Der erste Tag
An deinem ersten Arbeitstag solltest du alles tun, um einen guten Eindruck zu hinterlassen – beim Chef, aber auch bei deinen Kollegen. Eine wichtige Frage ist dabei, was du am besten anziehen solltest. Vermutlich bist du schon ein paar Mal in dem Unternehmen gewesen und wirst dabei einen Eindruck bekommen haben, welcher Dresscode erwünscht ist. Denn kleidest du dich ähnlich wie deine Kollegen, zeigst du, dass dir Zugehörigkeit wichtig ist. Generell gilt: Extrem körperbetonte Kleidung, wie Mini-Röcke oder hautenge Oberteile, sowie grelle Farben sollten vermieden werden.
In den meisten Betrieben ist es so, dass du an deinem ersten Tag einfach einmal einen Eindruck vom Unternehmen bekommen sollst. Du wirst die verschiedenen Bereiche kennenlernen, deinen Kollegen vorgestellt und bekommst einen Arbeitsplatz zugewiesen. Es kann nicht schaden, einen kleinen Block zur Hand zu nehmen und die wichtigsten Dinge zu notieren. Das zeigt Engagement und ehrliches Interesse. Versuche auch, dir die Namen deiner engsten Kollegen so schnell wie möglich zu merken. Bei allen anderen kannst du auch später nachfragen. Achte darauf, ob im Büro per du oder per Sie verkehrt wird, und passe dich an – niemals von dir aus das Du-Wort anbieten, das kann dir in sehr formellen Betrieben übel genommen werden.
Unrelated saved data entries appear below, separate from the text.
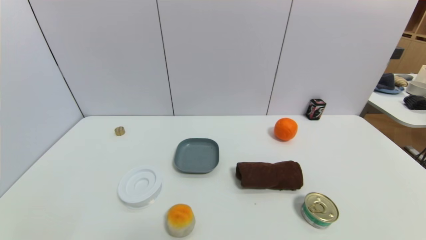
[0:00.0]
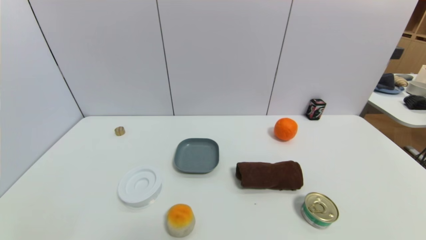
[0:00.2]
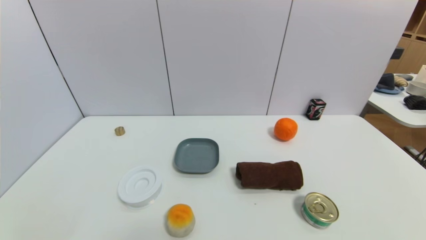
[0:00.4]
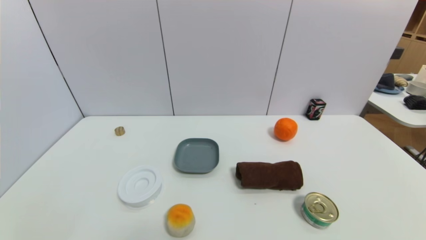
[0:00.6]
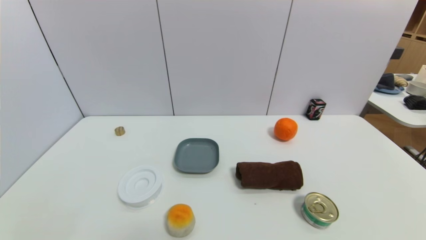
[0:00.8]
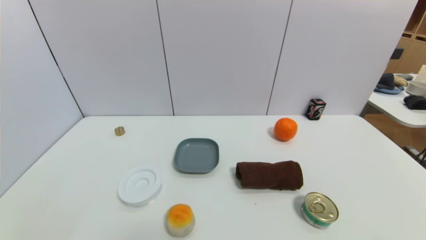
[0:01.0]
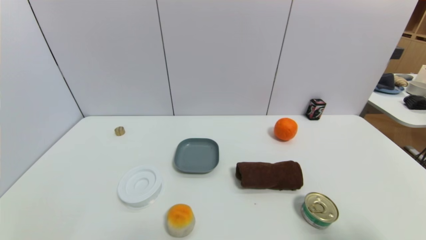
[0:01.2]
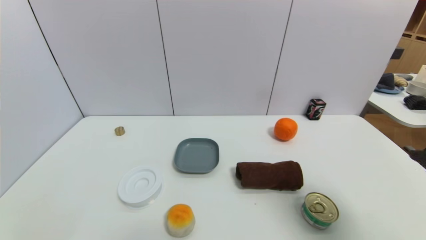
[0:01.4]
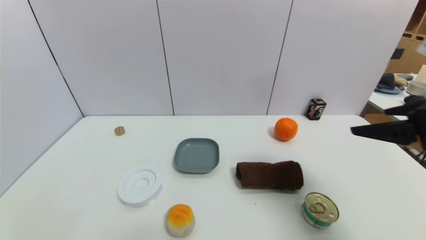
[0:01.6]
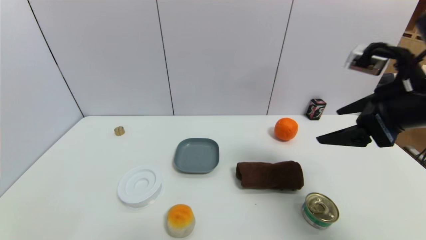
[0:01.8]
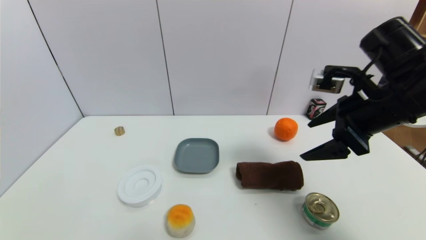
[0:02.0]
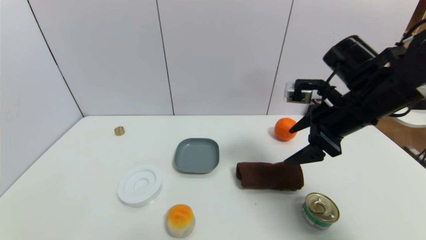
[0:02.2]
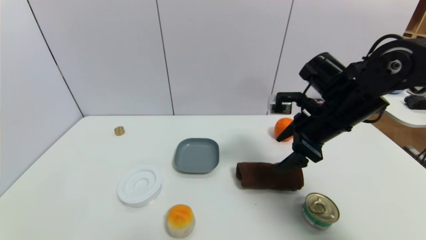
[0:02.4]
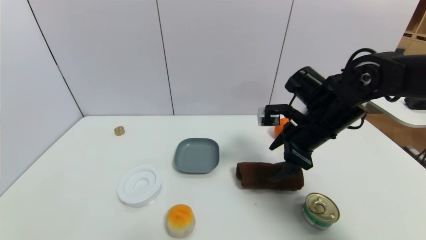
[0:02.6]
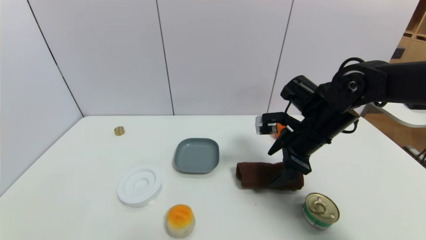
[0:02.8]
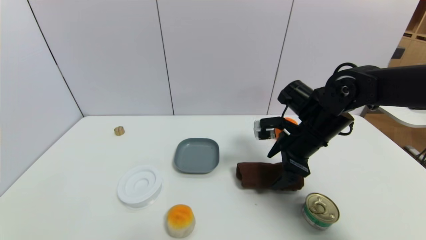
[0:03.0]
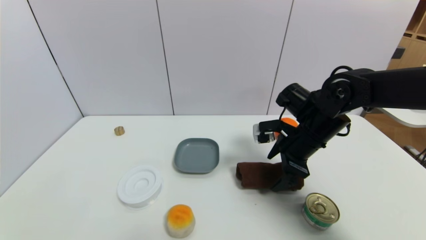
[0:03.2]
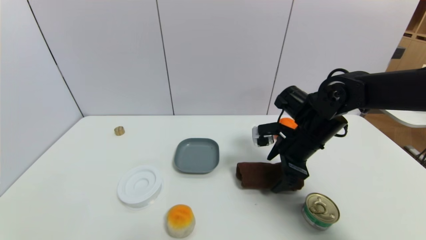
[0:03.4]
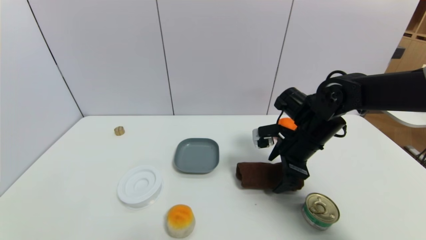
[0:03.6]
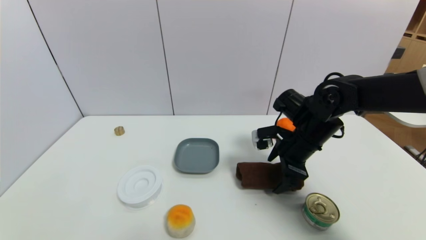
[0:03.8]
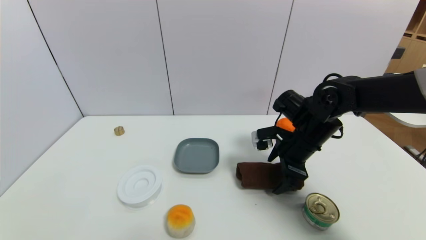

Integration in die Kollegenschaft
Auch wenn es gut ist, Arbeitsbereitschaft zu zeigen, sollte das nicht gleich Ausmaße annehmen, dass du ohne Pause durchschuftest. Beobachte deine Kollegen, wie häufig Pausen gemacht werden, und schließe dich ihnen besonders in der Mittagspause an. Dadurch wirst du von deinen Kollegen als umgänglich wahrgenommen und hast dir die ersten Verbündeten geschaffen. Lerne deine Kollegen kennen und versuche auch, mehr über Gepflogenheiten im Unternehmen herauszufinden: Spielregeln, Pünktlichkeit, Umgangsformen, Eigenheiten des Chefs, Erfahrungen, Erfolge – es gibt viele Fragen, die du stellen kannst. All diese Informationen helfen dir dabei, deine Probezeit von Anfang an gut zu bewältigen.
Was soll ich sagen, was nicht?
Vor allem in der ersten Zeit kann es sein, dass dir gewisse Arbeitsweisen ungewohnt, vielleicht sogar unnötig erscheinen. Dennoch solltest du mit Kritik hinterm Berg halten. Das kann leicht als besserwisserisch und arrogant empfunden werden. Was du sehr wohl machen kannst, ist nachzufragen, warum gewisse Dinge so gehandhabt werden, wie man es tut. Das zeigt Interesse und gibt dir die Möglichkeit, mehr Verständnis für das Unternehmen zu entwickeln. Auch für privaten Tratsch unter Kollegen gilt: niemals mitmachen! Zuhören – okay! Fragen stellen – gut! Aber wenn du dich daran beteiligst, kann sich das schnell als Schuss ins eigene Knie entwickeln.
Wenn nicht alles glattläuft…
In der Probezeit ist es normal, dass du noch nicht alle Arbeitsvorgänge perfekt beherrschst. Dir werden Fehler passieren, wichtig ist jedoch dein Umgang damit. Du solltest sofort Bescheid geben, wenn dir etwas danebengegangen ist, und dafür auch die Verantwortung übernehmen. Niemals die Schuld einem Kollegen in die Schuhe schieben, das kommt nicht gut an. Frage auch nach, wie du den Fehler das nächste Mal vermeiden kannst. So zeigst du Lernfähigkeit.
Feedback-Gespräch
Gegen Ende der Probezeit solltest du das Gespräch mit deinem Vorgesetzten suchen und besprechen, wie es gelaufen ist. Frage konkret nach, was gut gelaufen ist und wo du dich noch verbessern kannst. So zeigst du Engagement und Bereitschaft zur Weiterentwicklung. Betone auch, was aus deiner Sicht gut gelaufen ist und wo du von dir aus noch Verbesserungspotenziale an dir siehst. Wenn ihr euch einig seid, dass du in diesem Unternehmen richtig bist, dann wirst du das schnell herausfinden. In diesem Fall solltet ihr auch deine Laufbahn in den nächsten Monaten besprechen und klären, welche Erwartungen an dich gestellt werden. Damit steht einer erfolgreichen Karriere nichts mehr im Wege.